# EXERCISE OBJECTIVE
The word "with" may appear in lines of the data below. Say how many lines hold it, giving only the number.
*** Opening of DATA EXTRACTS ***
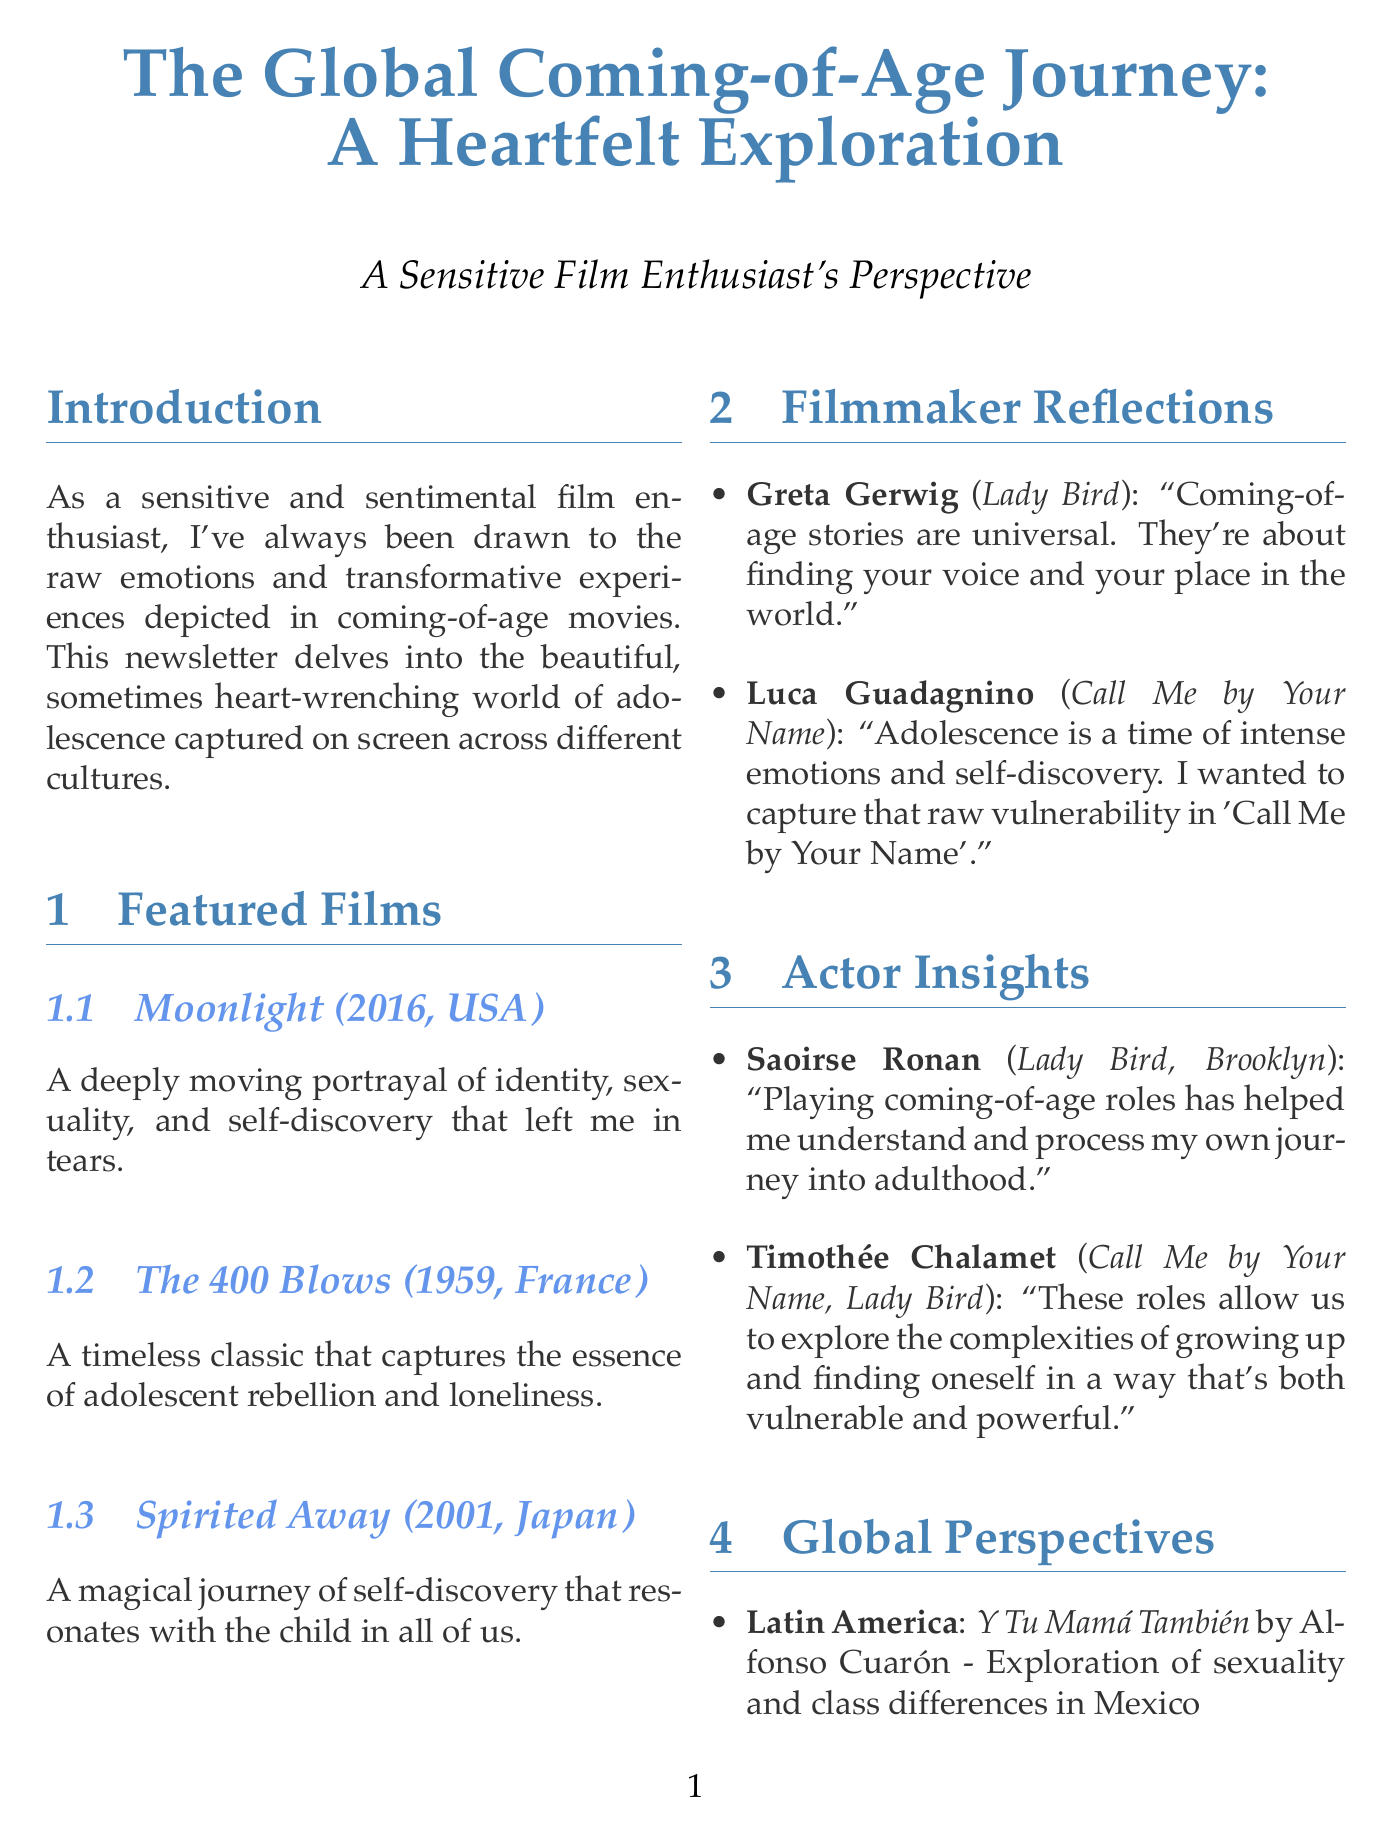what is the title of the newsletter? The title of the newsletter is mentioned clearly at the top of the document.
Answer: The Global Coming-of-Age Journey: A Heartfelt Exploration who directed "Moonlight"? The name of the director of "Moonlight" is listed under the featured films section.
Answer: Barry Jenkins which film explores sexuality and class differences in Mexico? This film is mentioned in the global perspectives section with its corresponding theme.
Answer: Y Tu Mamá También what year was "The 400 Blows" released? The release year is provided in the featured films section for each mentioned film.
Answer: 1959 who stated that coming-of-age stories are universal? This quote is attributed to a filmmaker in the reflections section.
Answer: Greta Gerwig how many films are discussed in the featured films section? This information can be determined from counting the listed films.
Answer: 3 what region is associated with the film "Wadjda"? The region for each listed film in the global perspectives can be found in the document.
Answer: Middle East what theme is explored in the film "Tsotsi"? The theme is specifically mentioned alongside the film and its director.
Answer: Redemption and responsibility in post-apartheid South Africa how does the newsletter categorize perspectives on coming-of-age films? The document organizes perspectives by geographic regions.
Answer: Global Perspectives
*** Close of DATA EXTRACTS ***
# TASK RESPONSE
2